DE OMSLAG vindt plaats in september 1937. Voor het eerst schaamt hij zich voor zijn eigen land en grimmig stelt hij vast dat zijn geloof in zijn Duitse identiteit ‘in wezen allemaal zelfbedrog en tijdverdrijf’ was. Zoals hij het nationaal-socialisme als een on-Duits mengelmoesje van geleende leuzen en attributen zag, zo heeft hij tot het eind toe niet willen geloven dat het antisemitisme werkelijk in de aard van de Duitser was geworteld.
In maart 1942 kan hij nog schrijven: ‘Ik vraag me vaak af waar het woeste antisemitisme eigenlijk zit. Wat mij betreft, krijg ik veel sympathie, men helpt mij uit de nood, zij het natuurlijk niet zonder angst.’ Ondertussen heeft hij onder de ene anti-joodse regeringsmaatregel na de andere te lijden, maar aan den lijve heeft hij nauwelijks iets meegemaakt.
In 1942 wordt dat anders: de concentratie van haat die door de regering op de joden wordt gericht, vindt wel degelijk weerklank bij de gewone bevolking, ook in Dresden. Door zijn lectuur komt hij dan tot de bevinding dat ‘het nationaal-socialisme in de kern een Duits gezwel is’, en ‘van het spontane antisemitisme wordt hier een instituut voor het jodenvraagstuk gemaakt.’ Maar als er onder de voor het merendeel joodse arbeiders in de fabriek waar hij tewerkgesteld wordt, voortdurend over de vraag wordt gediscussieerd in hoeverre het volk antisemitisch is en het misschien wel ‘aangeboren, algeheel en onuitroeibaar’ is, bestrijdt hij dat - ‘gedecideerder dan ikzelf wil’, voegt hij er aan toe.

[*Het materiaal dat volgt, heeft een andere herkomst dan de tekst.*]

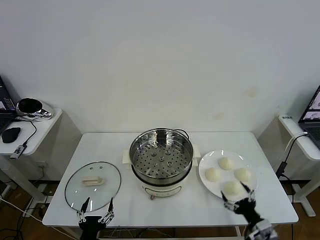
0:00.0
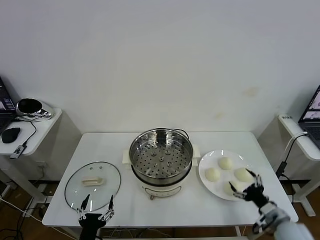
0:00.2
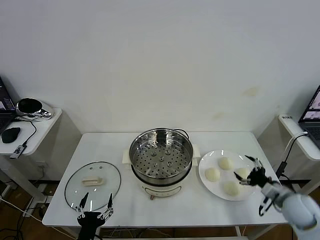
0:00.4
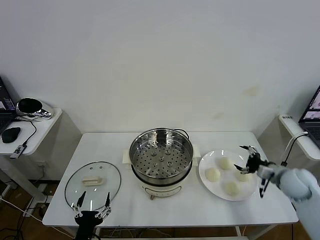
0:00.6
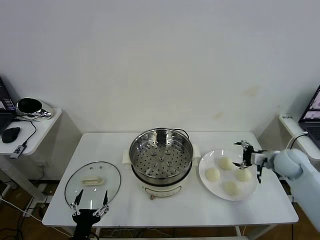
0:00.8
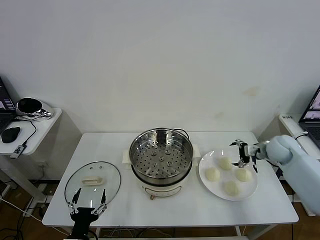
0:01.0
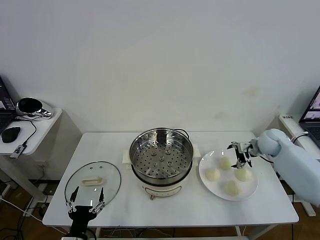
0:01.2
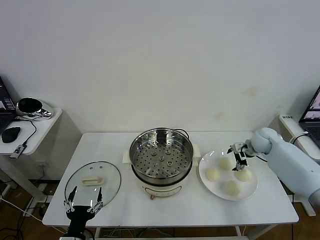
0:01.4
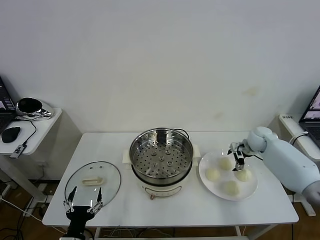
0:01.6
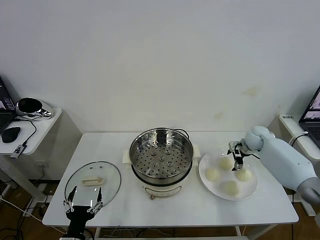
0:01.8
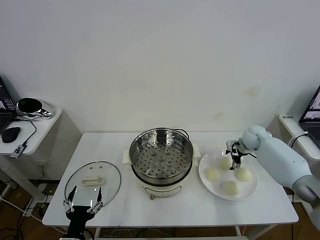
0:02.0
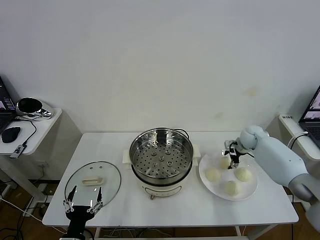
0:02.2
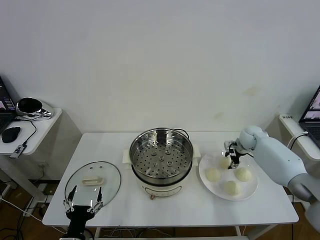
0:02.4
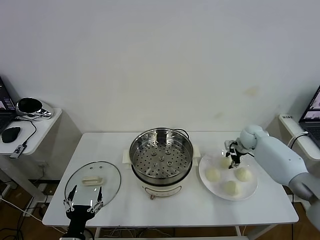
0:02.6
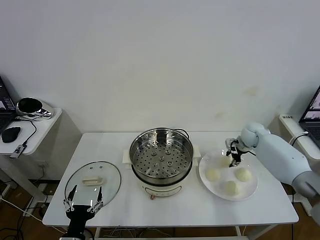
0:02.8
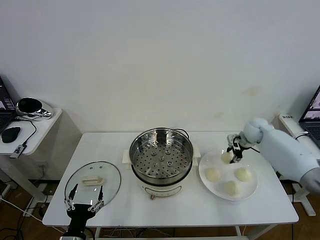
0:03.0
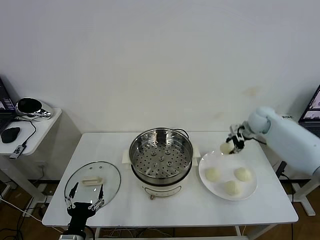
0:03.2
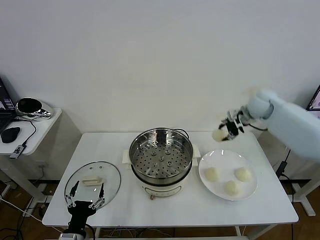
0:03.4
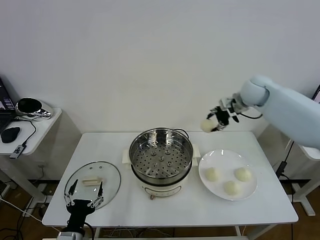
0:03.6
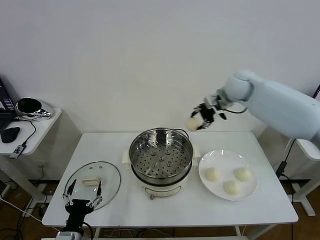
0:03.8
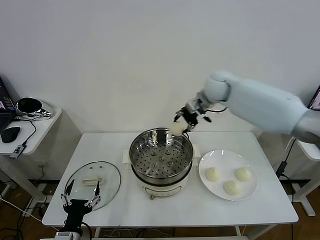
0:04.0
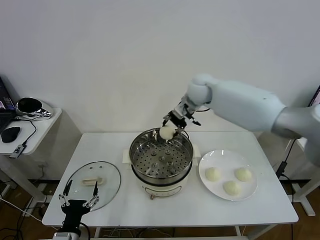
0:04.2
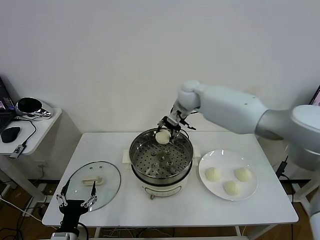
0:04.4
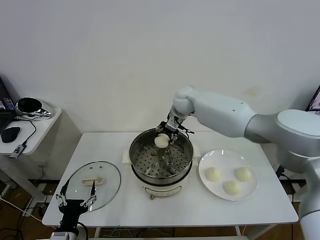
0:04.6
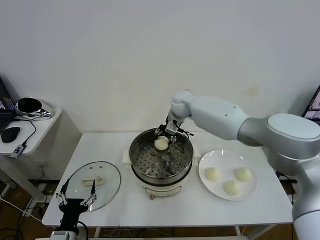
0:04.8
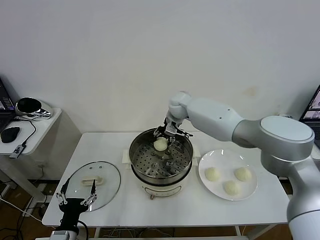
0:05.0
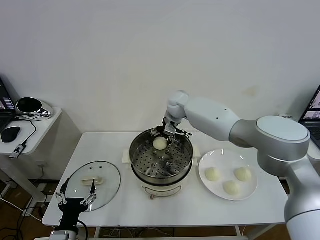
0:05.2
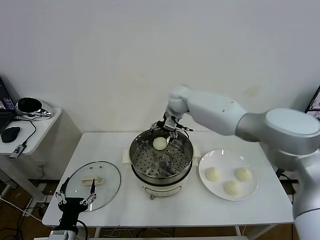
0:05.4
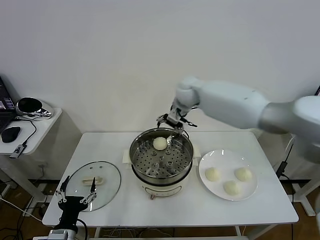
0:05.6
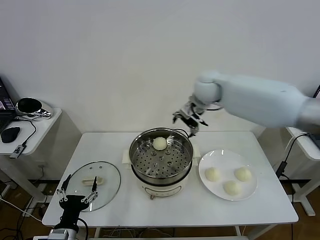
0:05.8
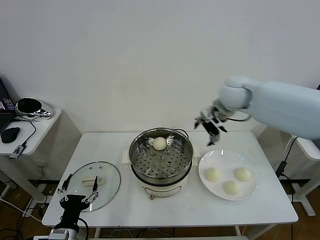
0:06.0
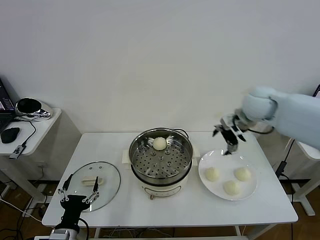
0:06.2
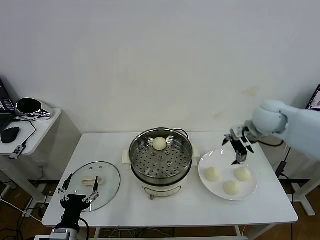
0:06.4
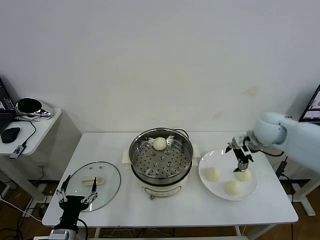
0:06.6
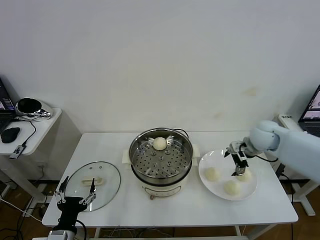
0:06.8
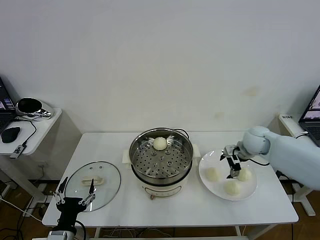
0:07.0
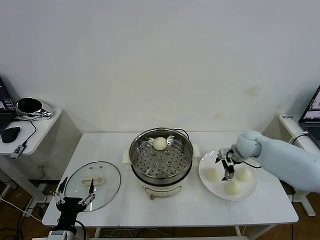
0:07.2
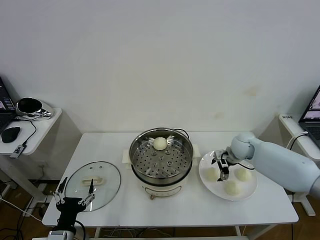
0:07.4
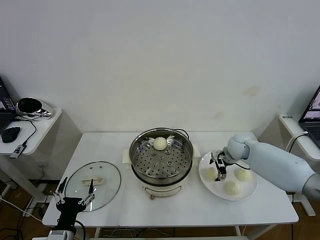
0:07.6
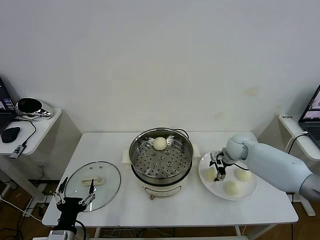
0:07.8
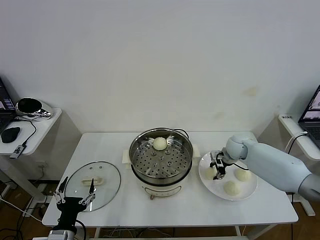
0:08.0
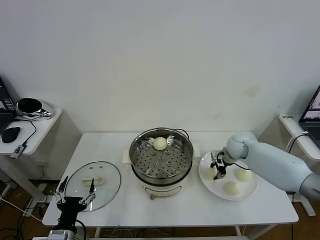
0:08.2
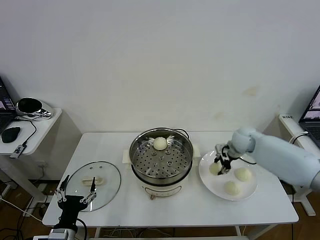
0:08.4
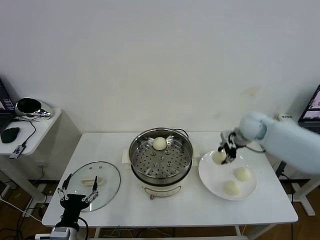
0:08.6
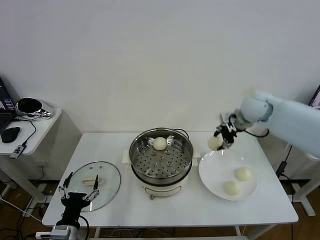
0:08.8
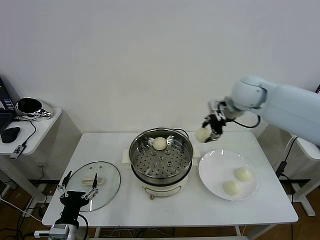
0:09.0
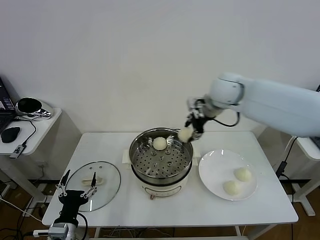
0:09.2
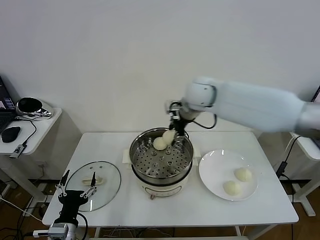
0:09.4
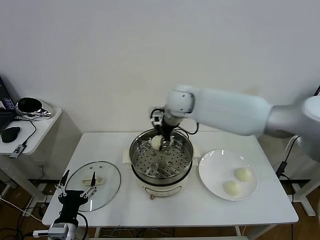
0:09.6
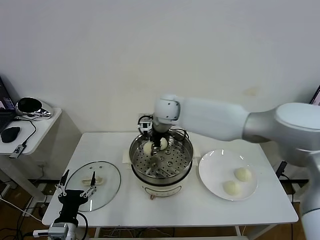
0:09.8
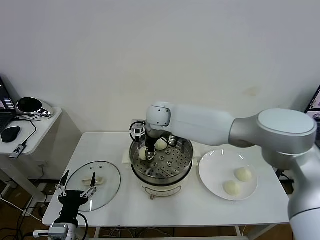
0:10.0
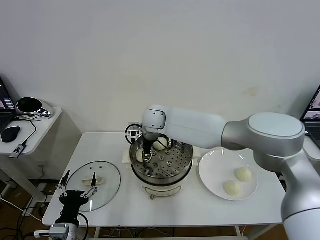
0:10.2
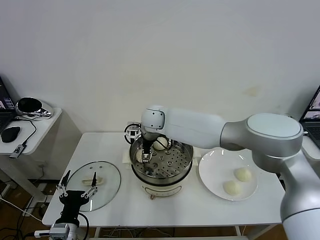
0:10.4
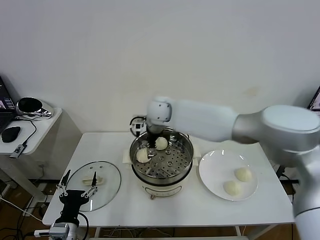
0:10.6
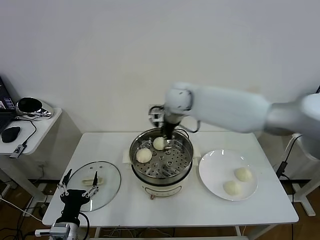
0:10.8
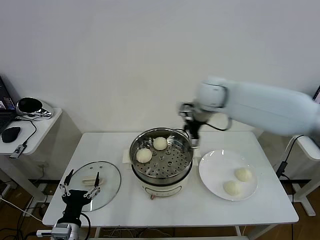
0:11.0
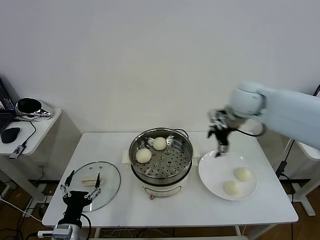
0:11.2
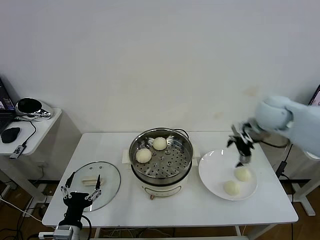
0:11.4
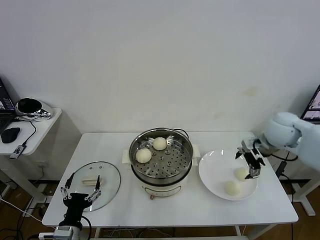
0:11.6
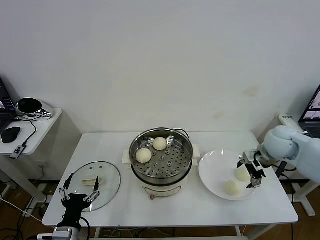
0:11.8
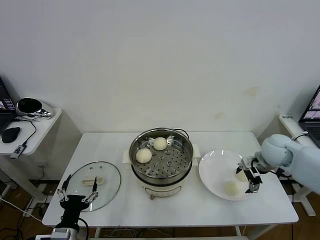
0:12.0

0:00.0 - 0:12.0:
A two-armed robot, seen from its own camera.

Klemperer mag dan voor ‘n deel Goldhagens stelling onderschrijven, zijn dagboek bewijst tevens hoeveel ingewikkelder het in de realiteit was - die van Klemperer was een andere dan de buitengewone situatie van soldaten in den vreemde, waarmee Goldhagen zijn stelling bewijst. Maar ook Klemperer heeft geen weet van de perverse geest die systematisch van hogerhand sadistische maatregelen voor de joden zat te bedenken. Hij kreeg alleen te maken met de uitvoerders ervan, en die beantwoordden nu eens wel, dan weer niet aan het signalement dat Goldhagen van de daders geeft.